Defrance and Touzet (2006) developed the TFM-Explorer, which assesses conservation of spatial arrangements of regulatory elements. Promoter Analysis Pipeline by
Chang et al. (2007) includes TFBS identification in gene sets as a component of the workbench, using non-redundant profiles from public databases.
Piechota et al. (2010) developed the cREMaG database, which attempts to correct for the confounding influence of variable information content of TFBS profiles, distinguishes between constitutive and inducible transcriptional forms of genes and reports the presence of CpG islands. Many of the methods provide web-based user interfaces, some of which are maintained. oPOSSUM-2 was found to perform well in an independent assessment of motif over-representation analysis tools (
Meng et al. 2010).
Since the implementation of these approaches, technology changes have greatly affected regulatory sequence studies. First, comprehensive multi-species sequence comparison measures are conveniently available in the form of phastCons and phyloP scores from the UCSC genome databases (
Hubisz et al. 2011). Phylogenetic footprinting, used by many TFBS enrichment programs, when performed with pairwise sequence alignments places emphasis on the quality of the choice of organism with which to compare and can sharply limit the number of genes that can be analyzed. Compared with pairwise alignments, multi-species analysis improves the quality of sequence alignments (
Kumar and Filipski 2007) and greatly increases the number of genes available for analysis. The proliferation of large-scale regulatory sequence profiling methods such as ChIP-Seq has demonstrated that TF-DNA interactions frequently occur outside of conserved regions (
Schmidt et al. 2010). Genomic regions bound by TFs in ChIP experiments are a snapshot of a single cell-type and set of conditions, and not all regions are necessarily functional
cis-regulatory sequences. In the absence of or in complement with experimental data, conservation is a useful filter for enabling computational motif enrichment analysis. Second, there has been a major update to the JASPAR database, an open-source, non-redundant, curated repository of TFBS profiles (
Portales-Casamar et al. 2010). The update provides a significant increase in non-vertebrate profiles, permitting the extension of regulatory analysis software to many non-vertebrate species, such as insects. Third, widespread application of ChIP-Seq profiling has resulted in an explosion of the number of potential regulatory sequences to be analyzed (
Johnson et al. 2007;
Malhotra et al. 2010;
Schmidt et al. 2010). These experiments produce sets of TF bound and control sequences, in which the foreground target (TF-bound) sets purportedly contain regulatory signatures of interest, whereas the background (control) sets lack those features. Such data are optimal for TFBS over-representation analysis, creating strong demand for a new generation of software that allows analysis from both a sequence-based perspective and a gene-based perspective.
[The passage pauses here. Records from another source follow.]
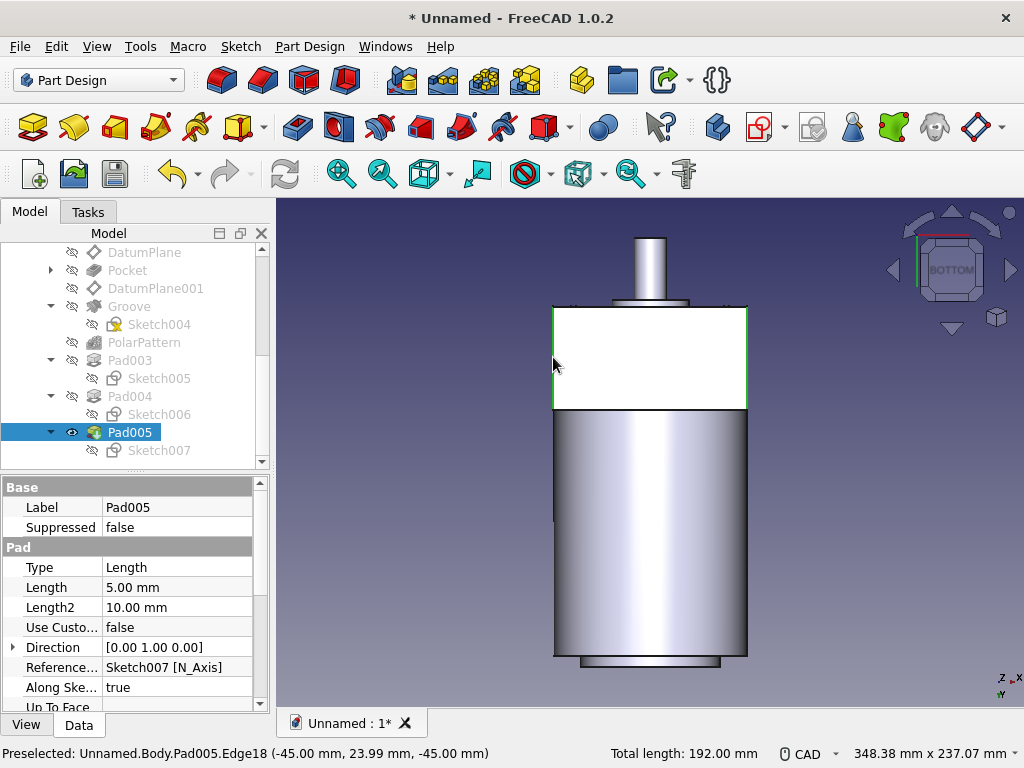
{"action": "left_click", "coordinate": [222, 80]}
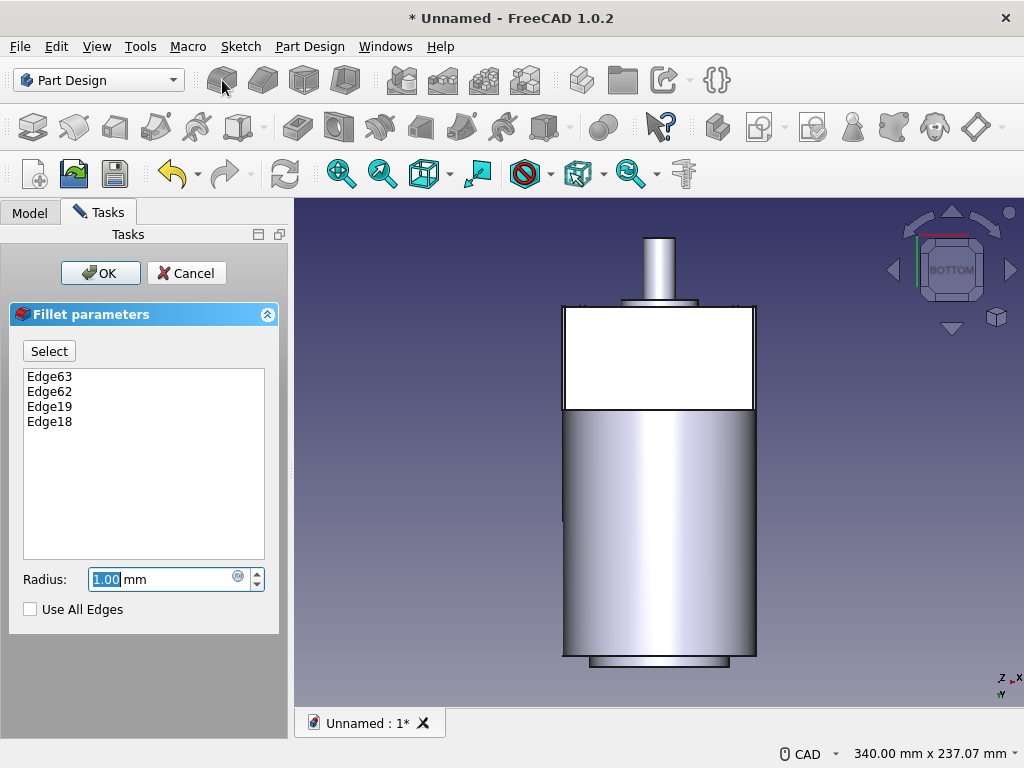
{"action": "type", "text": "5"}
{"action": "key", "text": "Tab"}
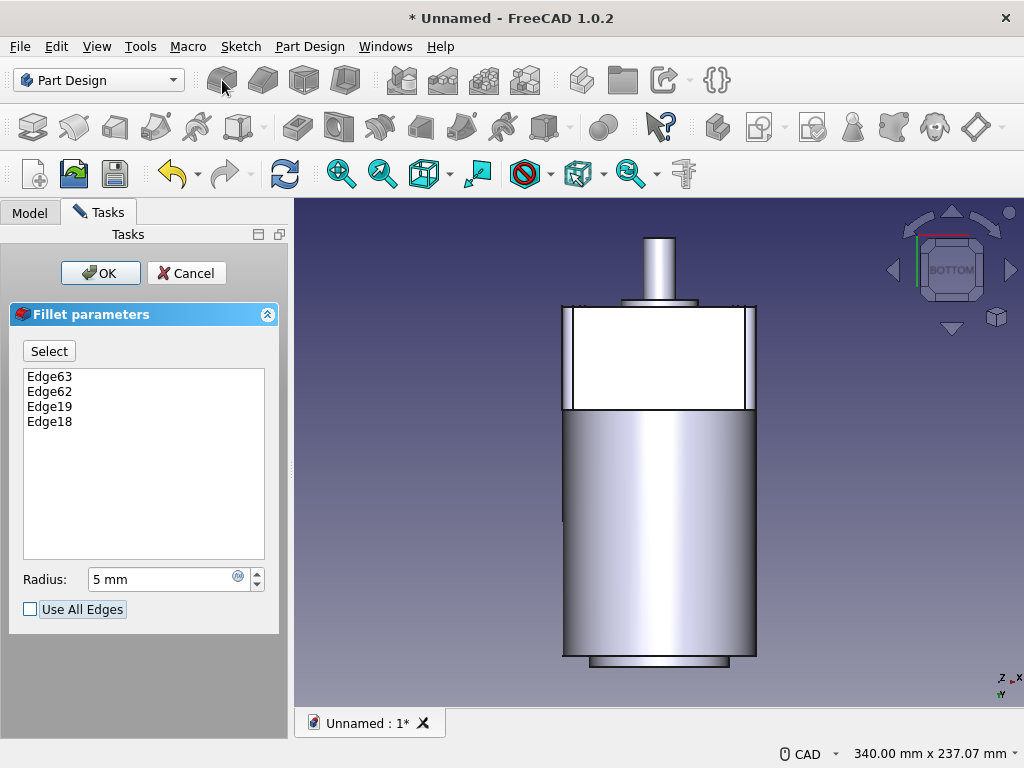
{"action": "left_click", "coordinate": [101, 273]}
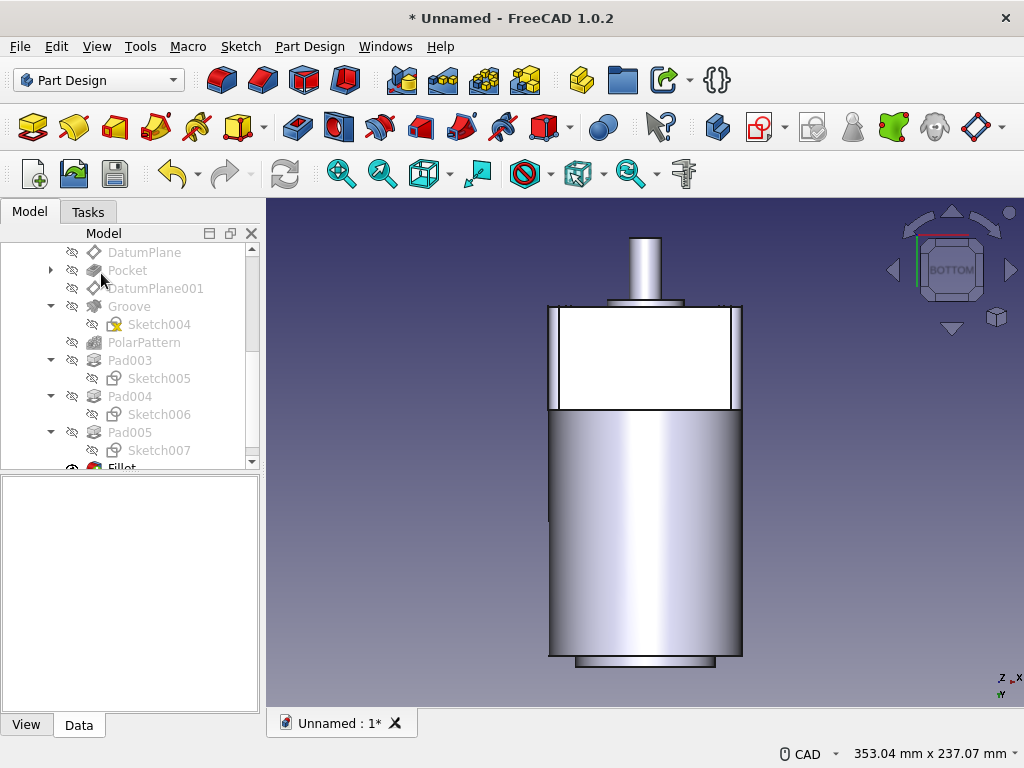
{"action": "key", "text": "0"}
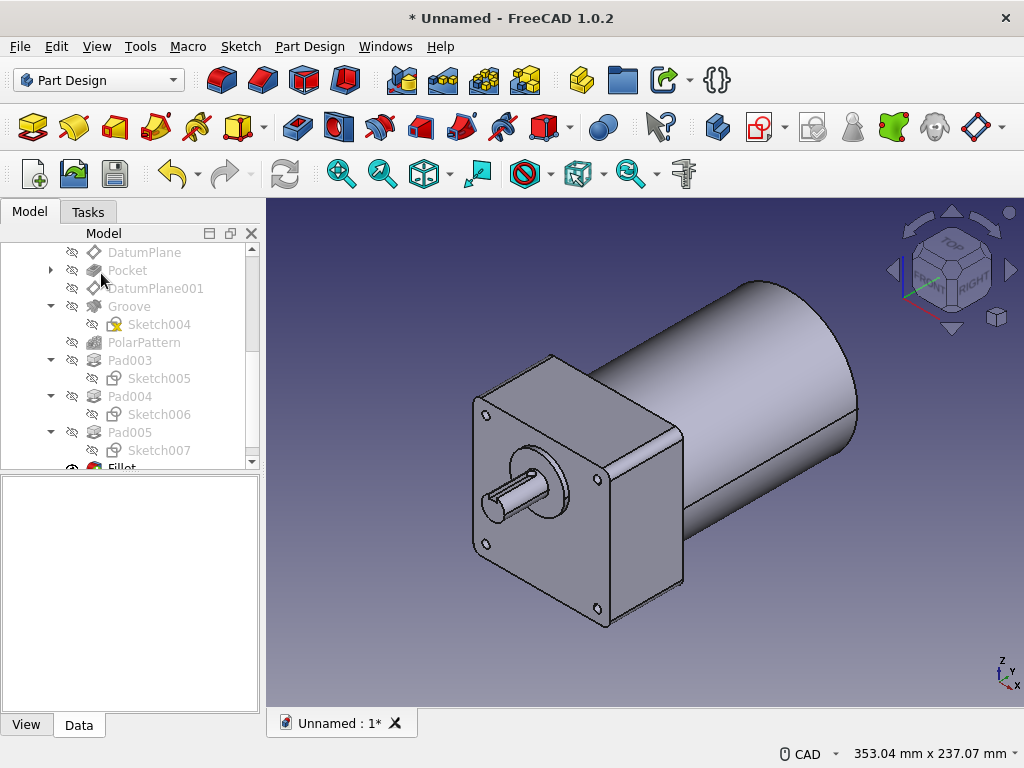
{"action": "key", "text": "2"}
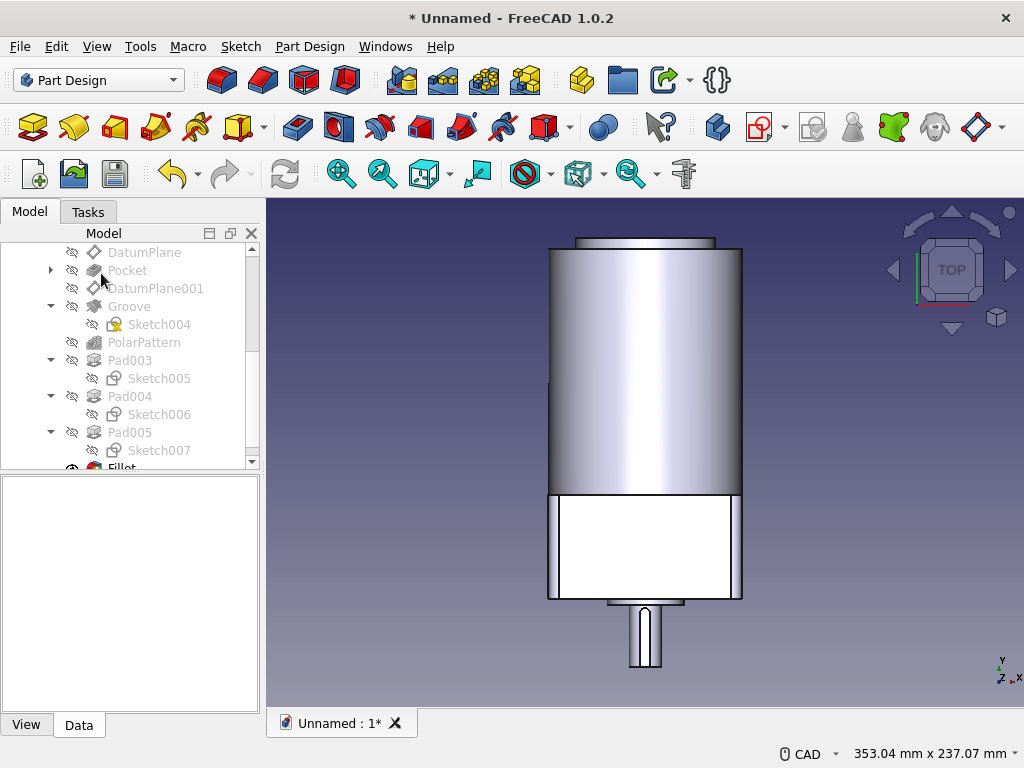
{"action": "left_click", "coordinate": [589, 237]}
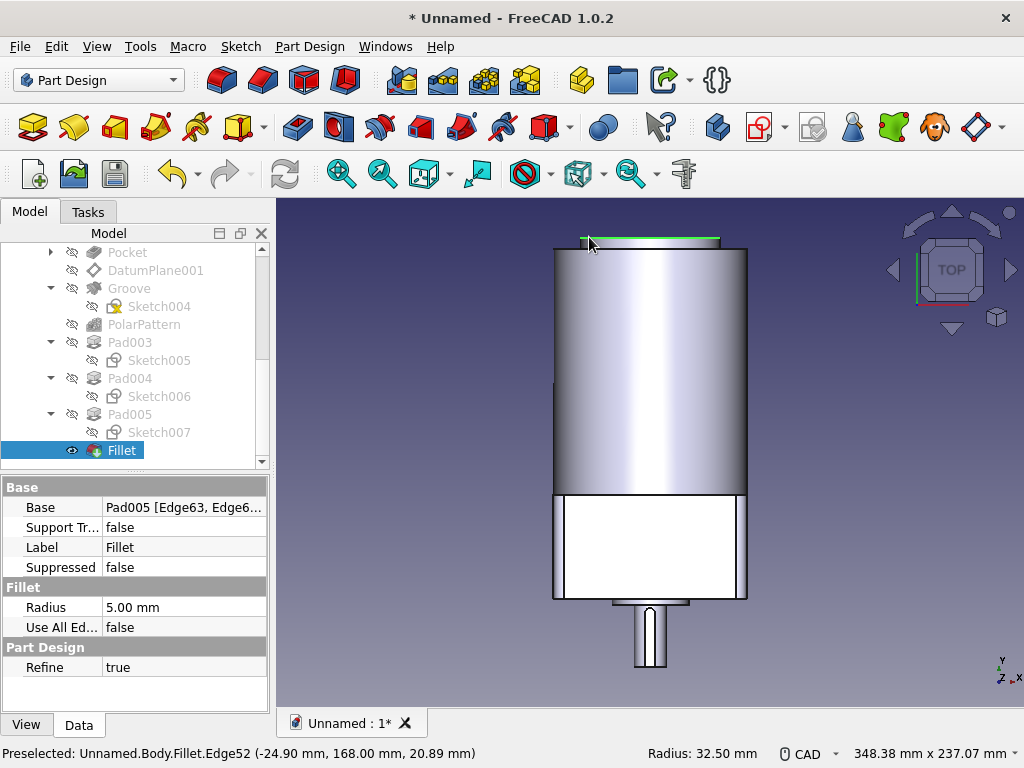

Here we describe oPOSSUM-3, a system that capitalizes upon the aforementioned research developments. The new system features a panel of upgraded and novel approaches to regulatory sequence analysis, including Single-Site Analysis (SSA) and anchored Combination-Site Analysis (aCSA) (). A novel extension of the system addresses the challenge imposed by homologous TFs with highly similar (or identical) binding specificity. Such profile similarity will be of increasing impact on motif enrichment analysis as the number of TF profiles depicting similar binding grows. The TFBS Cluster Analysis (TCA) and anchored Combination TFBS Cluster Analysis (aCTCA) present results focused on TFBS sequence patterns rather than individual profile names. This new approach to regulatory sequence motif over-representation analysis has been assessed against reference sets of co-regulated genes and large-scale ChIP-Seq sequence collections. Assessments against reference cases exemplify the utility of oPOSSUM-3 for the identification of mediating TFs. The new system should maintain the oPOSSUM service as a popular resource for motif over-representation analysis.